Core labs and builds
- AI value-chain map lab across public equities.
- Annual report lab: extract business segments, AI claims, risks, capex, and customer concentration.
- Moat lab: classify companies by data moat, hardware moat, distribution moat, cost moat, or no clear moat.
- Valuation discipline lab: compare growth narrative with revenue, margin, and cash-flow evidence.
Capstone
- Create a complete AI investment memo for one public company or a basket of companies. The memo includes business model, AI exposure, financials, competitive advantage, valuation scenarios, catalysts, key risks, red flags, and decision rules.
Assessment design
- Market map accuracy and value-chain reasoning.
- Financial statement analysis quality.
- Valuation scenario realism.
- Final investment memo with balanced risks and no hype.
Recommended tools and datasets
- Company filings, annual reports, investor presentations, financial statements, spreadsheets, valuation templates, sector maps, earnings-call transcripts, SEC/FINRA investor protection resources.
Instructor notes
- The course should explicitly train learners to avoid AI hype, fraud, and overconcentration.
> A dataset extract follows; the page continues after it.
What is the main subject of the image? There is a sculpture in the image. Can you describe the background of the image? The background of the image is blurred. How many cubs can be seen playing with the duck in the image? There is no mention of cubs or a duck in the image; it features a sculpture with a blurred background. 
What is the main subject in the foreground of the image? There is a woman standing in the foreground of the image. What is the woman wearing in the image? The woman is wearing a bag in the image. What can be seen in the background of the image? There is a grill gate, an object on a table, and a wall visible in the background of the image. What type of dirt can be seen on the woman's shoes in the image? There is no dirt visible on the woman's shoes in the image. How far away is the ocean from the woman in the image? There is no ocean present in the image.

Strong investing education is mostly about process, risk, and valuation discipline.
Instructor Build Checklist
- Prepare one short demo for each module and one learner activity that creates a saved artifact.
- Prepare examples that match the audience, local context, and likely tools learners can access.
- Add a verification step to every AI-generated output: factual check, source check, data sensitivity check, and quality review.
- Keep a running portfolio folder so each module contributes to the final project or learner playbook.
- Reserve time for reflection on what the learner did, what AI did, what was checked, and what remains uncertain.